Dataset extract: Begin
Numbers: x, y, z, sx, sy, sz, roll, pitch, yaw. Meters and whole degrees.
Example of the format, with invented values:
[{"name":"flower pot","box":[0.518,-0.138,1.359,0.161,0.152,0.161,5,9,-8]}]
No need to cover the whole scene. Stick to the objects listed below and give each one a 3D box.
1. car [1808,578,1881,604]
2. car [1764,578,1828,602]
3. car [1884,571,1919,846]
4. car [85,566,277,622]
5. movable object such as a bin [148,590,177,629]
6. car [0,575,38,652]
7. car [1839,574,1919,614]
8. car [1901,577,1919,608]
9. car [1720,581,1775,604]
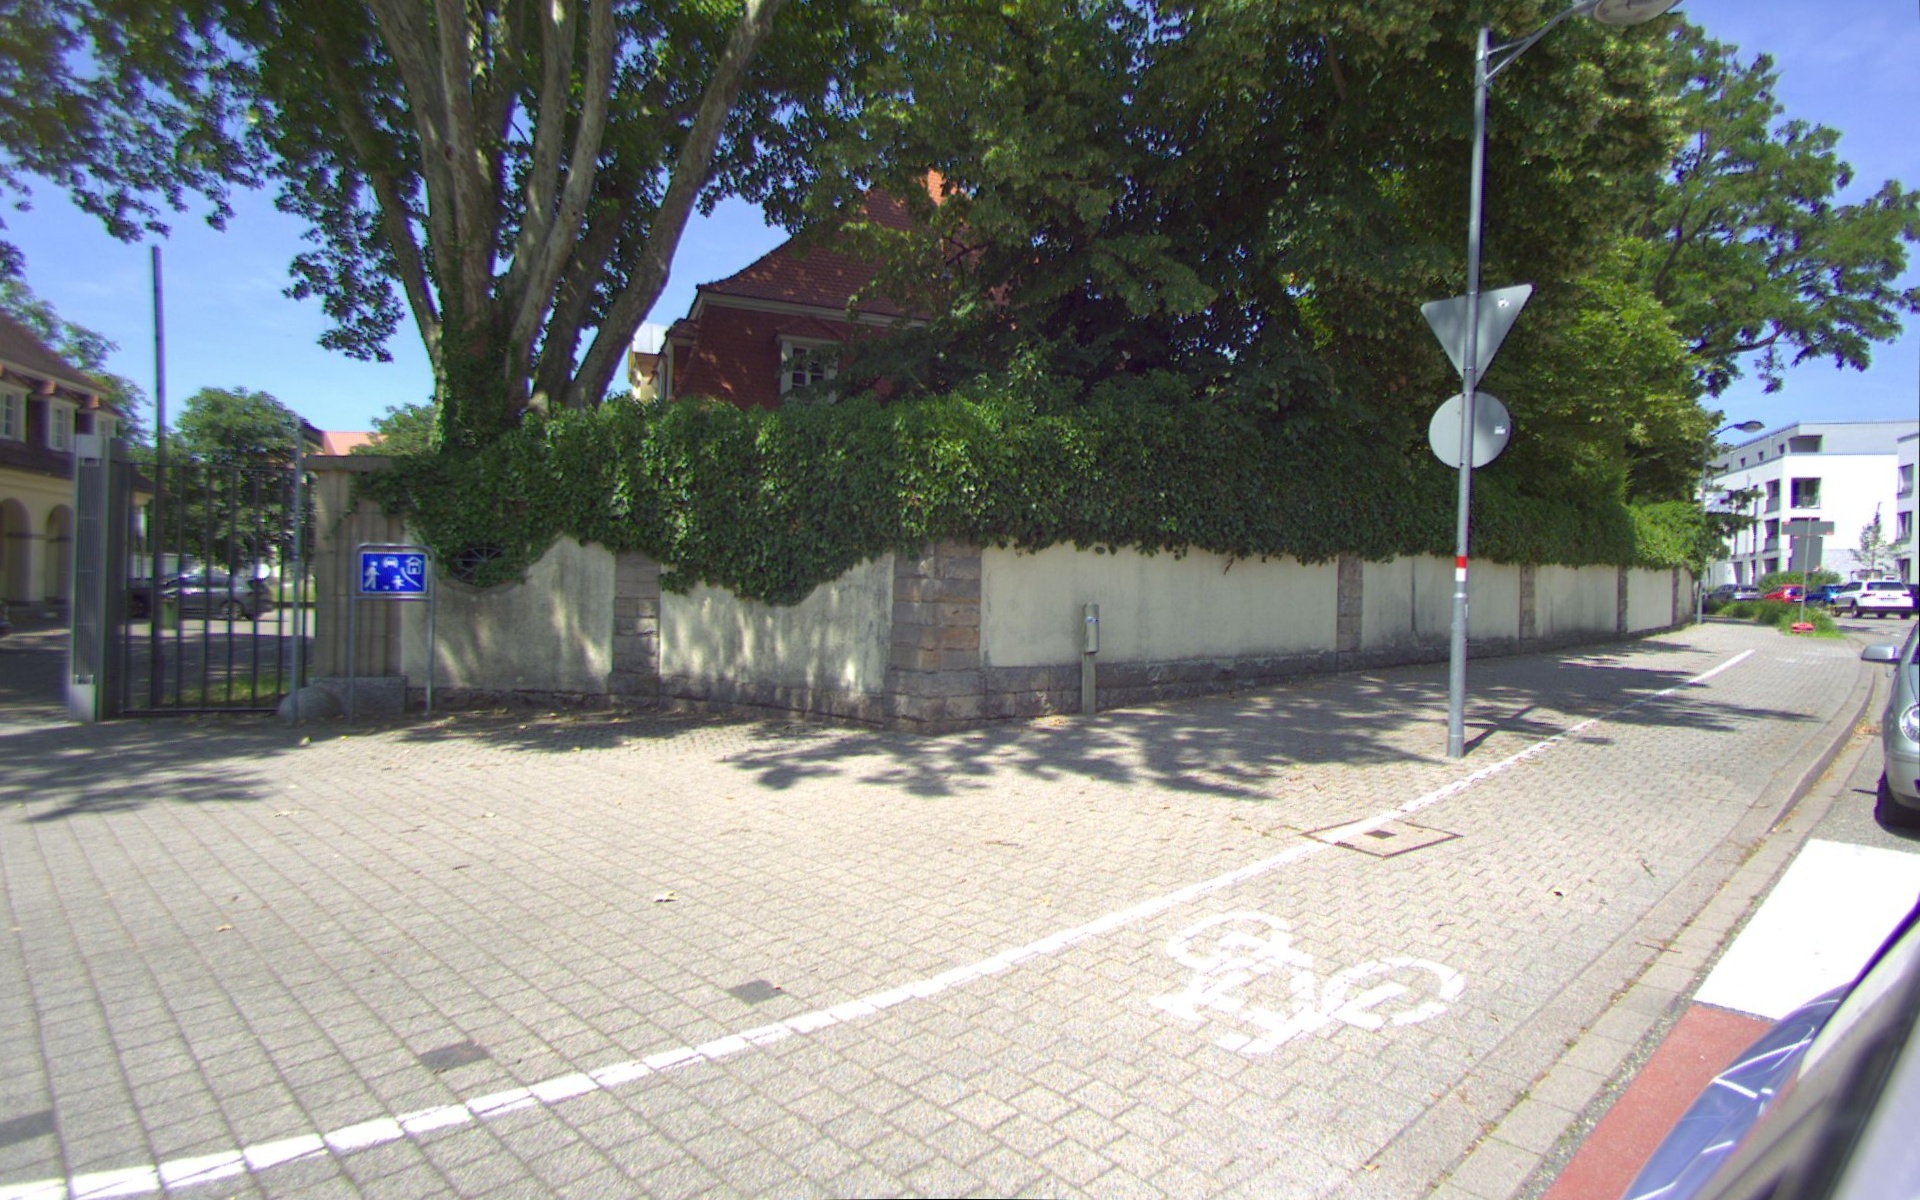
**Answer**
[{"name":"car","box":[49.406,-0.521,56.609,1.684,1.431,3.702,0,1,17]},{"name":"car","box":[51.072,-0.647,61.931,1.684,1.431,3.702,0,1,17]},{"name":"car","box":[7.005,0.552,6.294,3.934,1.470,1.605,-1,1,-44]},{"name":"car","box":[-25.054,-0.189,32.727,4.407,1.420,2.004,5,0,-16]},{"name":"movable object such as a bin","box":[-21.550,0.254,27.354,0.525,1.021,0.530,0,1,42]},{"name":"car","box":[-20.161,0.104,18.476,4.407,1.420,2.004,5,0,-16]},{"name":"car","box":[39.106,-0.300,42.909,1.799,1.628,4.082,0,1,27]},{"name":"car","box":[45.867,-0.364,47.308,1.690,1.431,3.689,0,1,26]},{"name":"car","box":[52.915,-0.521,68.067,1.684,1.431,3.702,0,1,17]}]
Dataset extract: End
Reproduce each line above precisely, with no pictures.

Numbers: x, y, z, sx, sy, sz, roll, pitch, yaw. Meters and whole degrees.
Example of the format, with invented values:
[{"name":"flower pot","box":[0.518,-0.138,1.359,0.161,0.152,0.161,5,9,-8]}]
No need to cover the whole scene. Stick to the objects listed below and give each one a 3D box.
1. car [1808,578,1881,604]
2. car [1764,578,1828,602]
3. car [1884,571,1919,846]
4. car [85,566,277,622]
5. movable object such as a bin [148,590,177,629]
6. car [0,575,38,652]
7. car [1839,574,1919,614]
8. car [1901,577,1919,608]
9. car [1720,581,1775,604]
**Answer**
[{"name":"car","box":[49.406,-0.521,56.609,1.684,1.431,3.702,0,1,17]},{"name":"car","box":[51.072,-0.647,61.931,1.684,1.431,3.702,0,1,17]},{"name":"car","box":[7.005,0.552,6.294,3.934,1.470,1.605,-1,1,-44]},{"name":"car","box":[-25.054,-0.189,32.727,4.407,1.420,2.004,5,0,-16]},{"name":"movable object such as a bin","box":[-21.550,0.254,27.354,0.525,1.021,0.530,0,1,42]},{"name":"car","box":[-20.161,0.104,18.476,4.407,1.420,2.004,5,0,-16]},{"name":"car","box":[39.106,-0.300,42.909,1.799,1.628,4.082,0,1,27]},{"name":"car","box":[45.867,-0.364,47.308,1.690,1.431,3.689,0,1,26]},{"name":"car","box":[52.915,-0.521,68.067,1.684,1.431,3.702,0,1,17]}]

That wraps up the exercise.